Я не знаю другого человека, который бы так часто доводил себя до точки, загибался, почти «умирал» и потом снова «воскресал», как это случалось с Рене Кревелем, Умиравшим и Воскресавшим. Он то и дело исчезал в сумасшедшем доме и так и сновал взадвперед всю свою жизнь. Он отправлялся туда, когда совсем доходил, почти «умирал», выходил же «воскресшим» – бодрый, цветущий, весь блестя как новенький и в состоянии чисто детской эйфории. Однако продолжалось это, как правило, весьма недолго. Вскоре им снова овладевала страсть к саморазрушению, он становился тревожным, начинал курить опиум, биться над неразрешимыми проблемами идеологического, морального, эстетического или сентиментального порядка, сверх всякой меры злоупотреблять бессонницей и рыдать до полного изнеможения. Тут он, словно одержимый, начинал глядеться во все зеркала, словно специально для таких импульсивных маньяков повсюду развешенные в депрессивно-прустовском Париже тех времен, всякий раз твердя: «Я совершенно дошел, я загибаюсь», пока в конце концов действительно не доходил до точки и тогда, уже еле держась на ногах, не признавался близким друзьям: «Нет, лучше уж издохнуть, чем прожить еще один такой денек». Его отправляли в санаторий, где он проходил курс дезинтоксикации, и вот после месяцев заботливого ухода перед нами вновь представал возрожденный Рене.

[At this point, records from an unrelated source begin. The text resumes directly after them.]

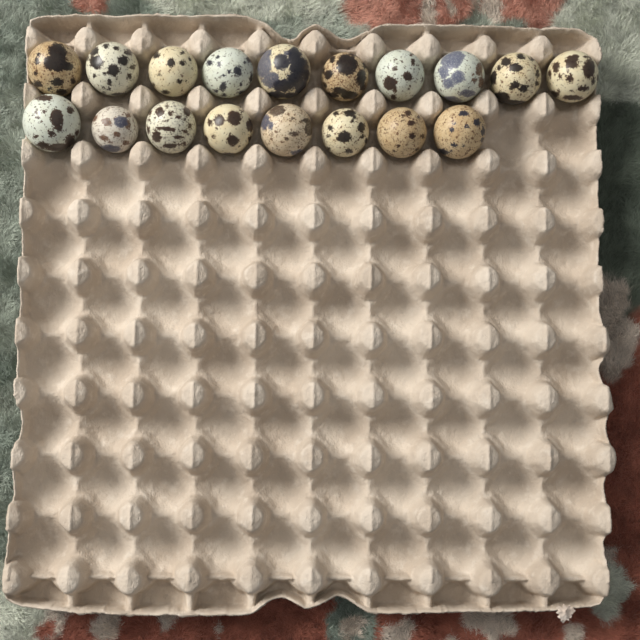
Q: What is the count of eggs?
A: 18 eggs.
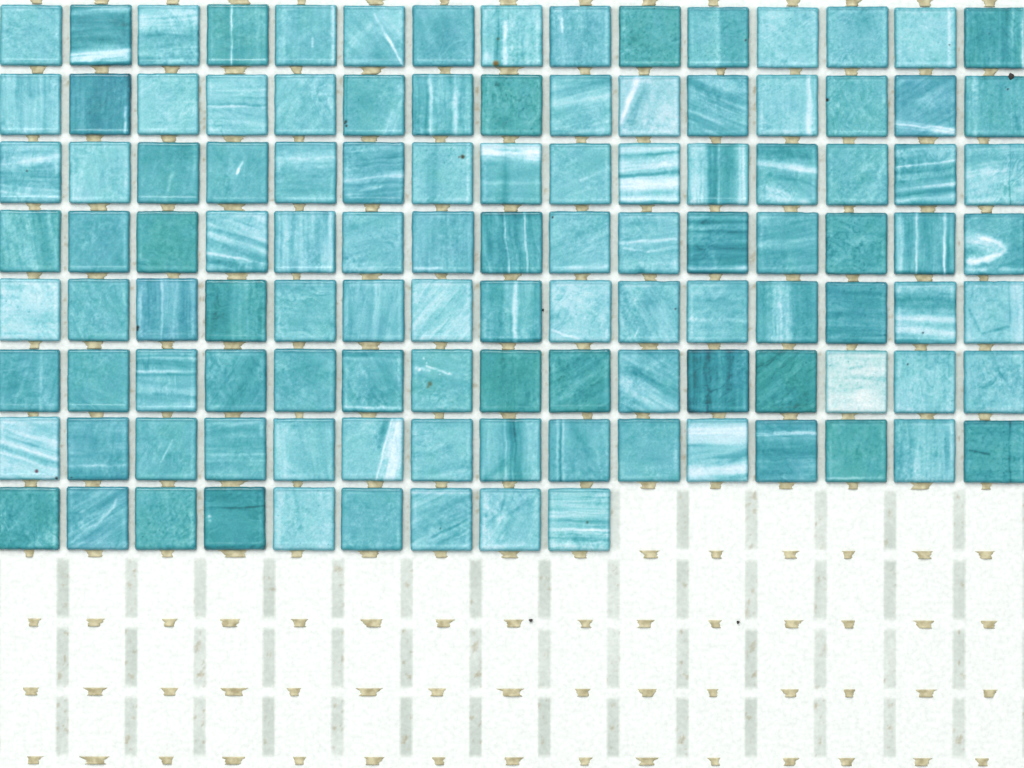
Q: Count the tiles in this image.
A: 114
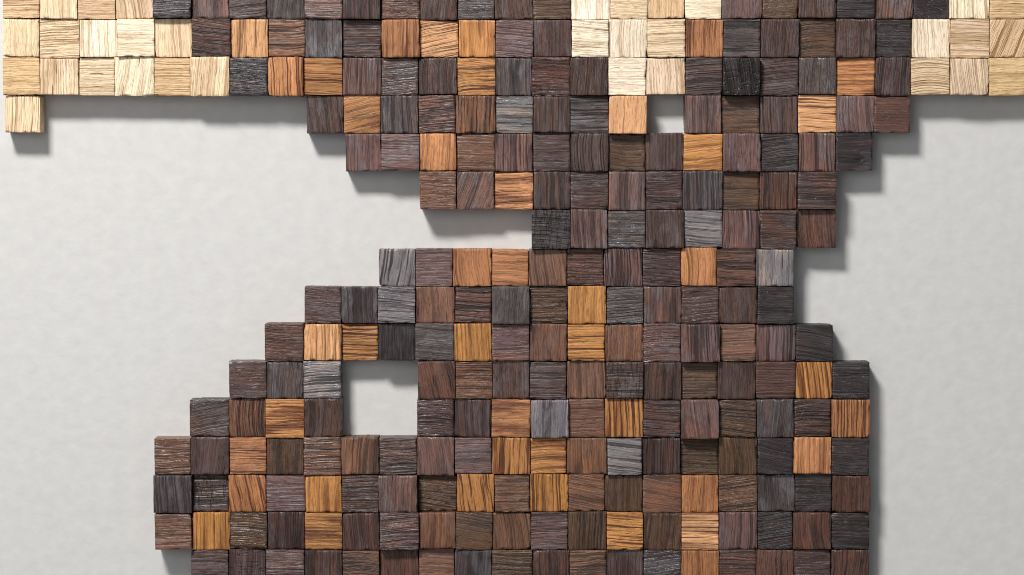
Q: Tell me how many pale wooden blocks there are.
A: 33
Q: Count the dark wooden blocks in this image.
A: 200
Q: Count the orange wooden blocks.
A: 42
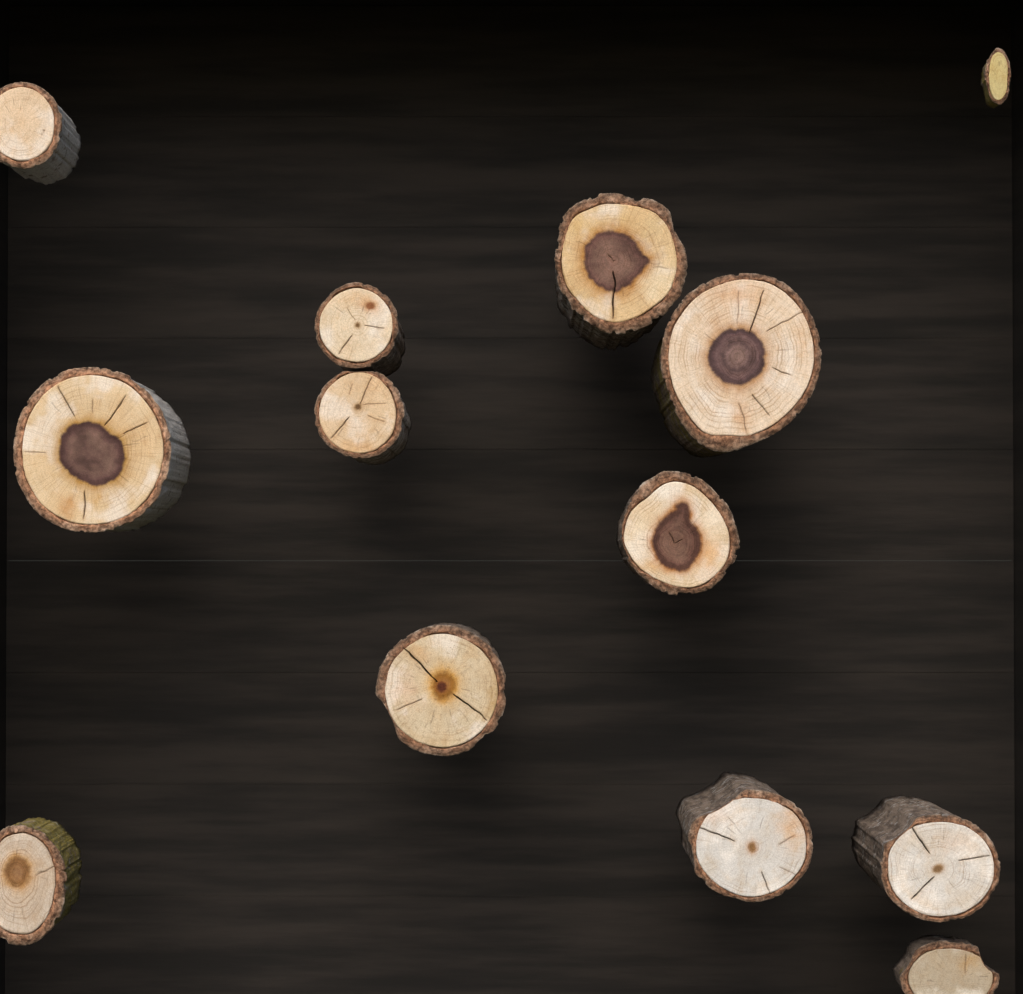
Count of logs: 13
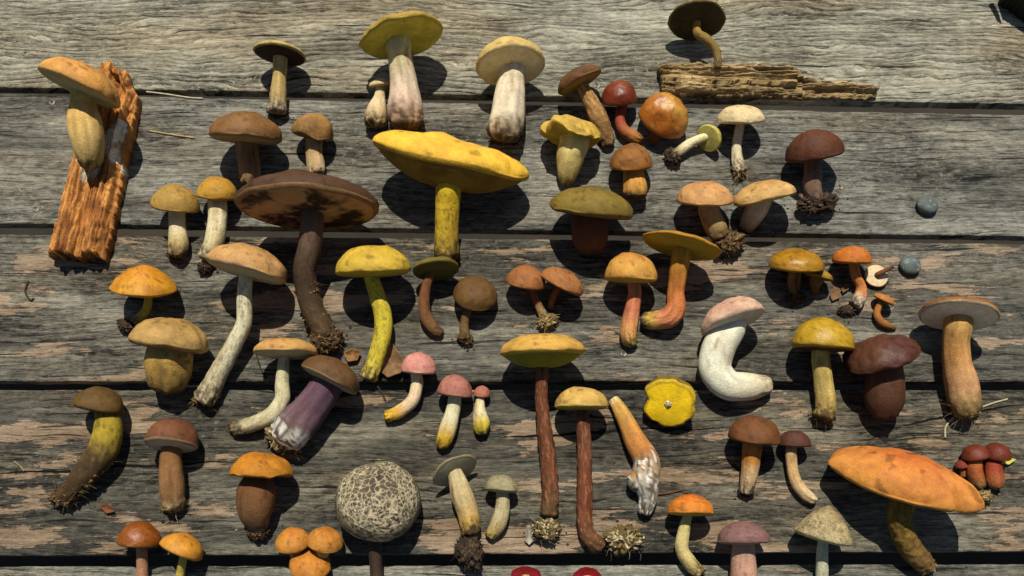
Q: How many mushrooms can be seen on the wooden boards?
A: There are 73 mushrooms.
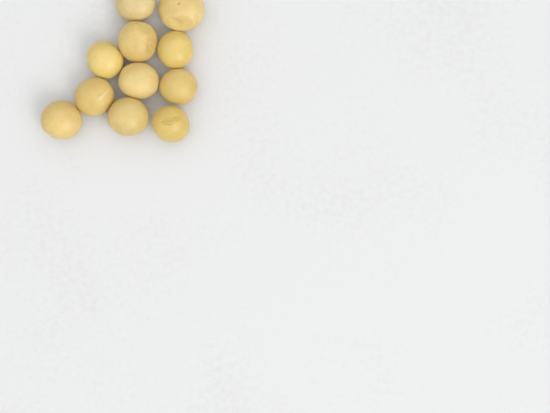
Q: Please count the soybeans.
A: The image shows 11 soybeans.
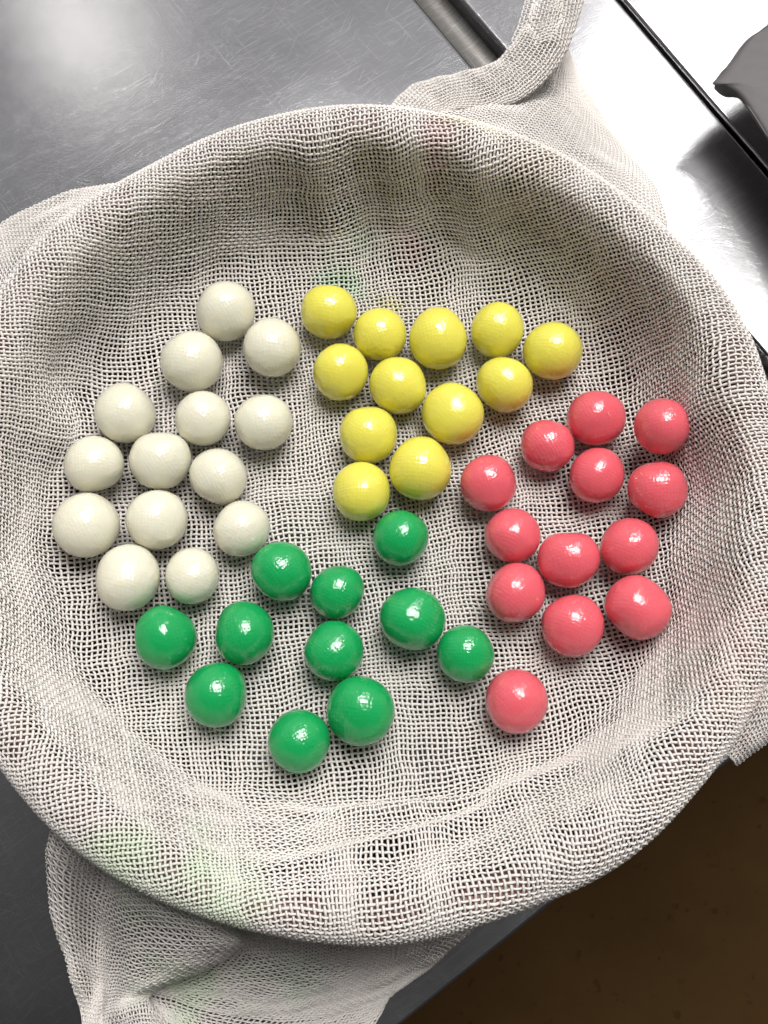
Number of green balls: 11
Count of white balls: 14
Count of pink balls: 13
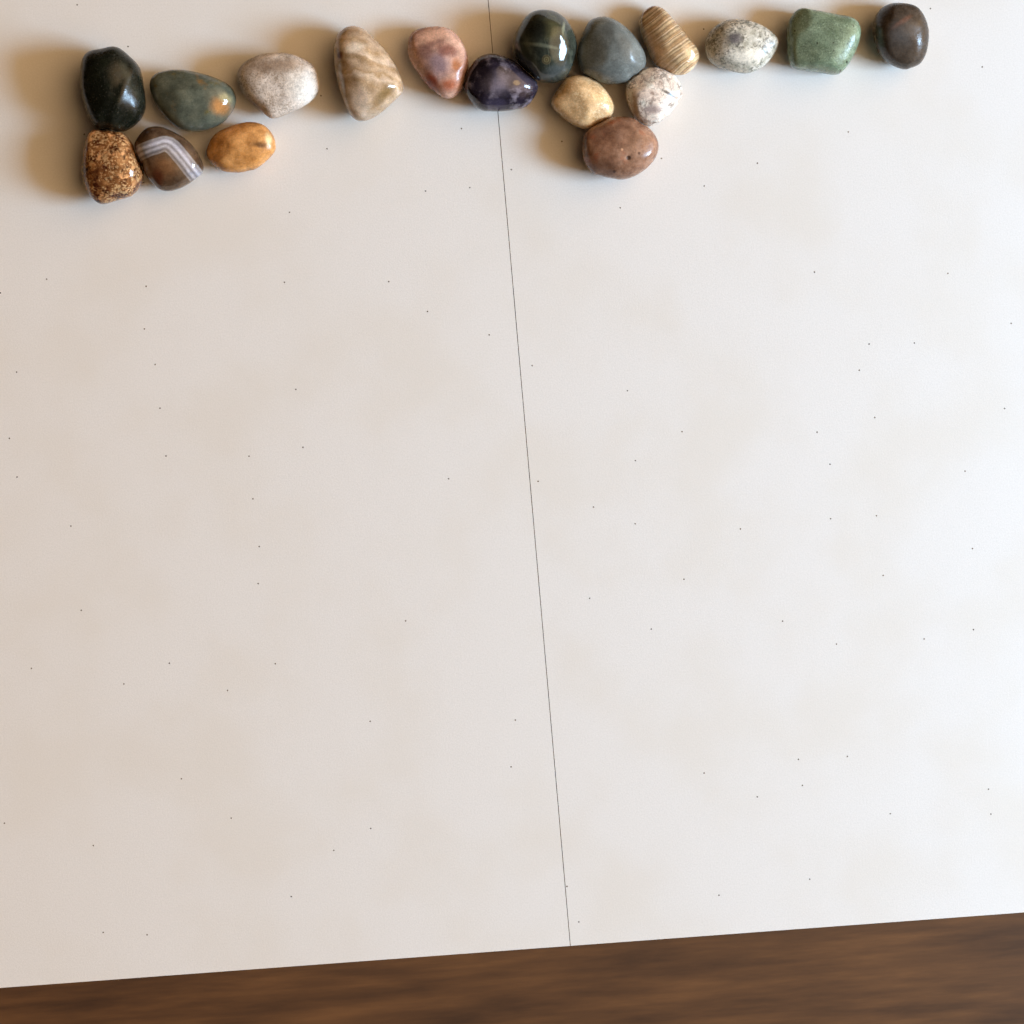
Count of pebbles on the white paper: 18

Мы видели его воскресшим на улицах Парижа, жизнь так и била в нем ключом, как в веселом ребенке, он одевался как первоклассный жиголо, весь в блестках, с замысловатыми кудрями, вот-вот готовый лопнуть от избытка оптимизма, толкавшего его на самые безудержные революционные благодеяния. Потом, постепенно, но неотвратимо, он снова принимался курить опиум и заниматься самоистязанием, весь както съеживался, сморщивался и превращался в совершенно нежизнеспособный, загибающийся завиток папоротника!

Самые трудные периоды эйфории и восстановления сил после очередных попыток «загнуться» Рене проводил у нас в Порт-Льигате – этом месте, достойном самого Гомера, который принадлежит лишь Гала и мне. Это, как он сам признавался в своих письмах, были самые прекрасные месяцы его жизни. Пребывание у нас, насколько возможно, Продлило ему жизнь. Мой аскетизм производил на него такое сильное впечатление, что все время, проведенное в ПортЛьигате, он, в подражание мне, прожил совершенным анахоретом. Он вставал раньше меня, еще до солнца, и все дни с утра до вечера проводил в оливковой роще, голый, обративши лицо к небу – самому суровому и самому лапислазурному на всем Средиземноморье, самому по-средиземноморски экстремистскому во всей смертельно экстремистской Испании. Меня он любил больше, чем кого бы то ни было другого, но предпочитал все-таки Галу, которую, как и я, называл оливою, то и дело повторяя, что если не найдет свою Галу, свою оливу, то жизнь его непременно кончится трагически. Именно в Порт-Льигате написал Рене свои «Ноги на стол», «Клавесин и Дидро» и «Дали и обскурантизм». Не так давно Гала, вспоминая о нем и сравнивая его с некоторыми из наших молодых современников, задумчиво воскликнула: «Да, таких парней теперь уже больше не делают!»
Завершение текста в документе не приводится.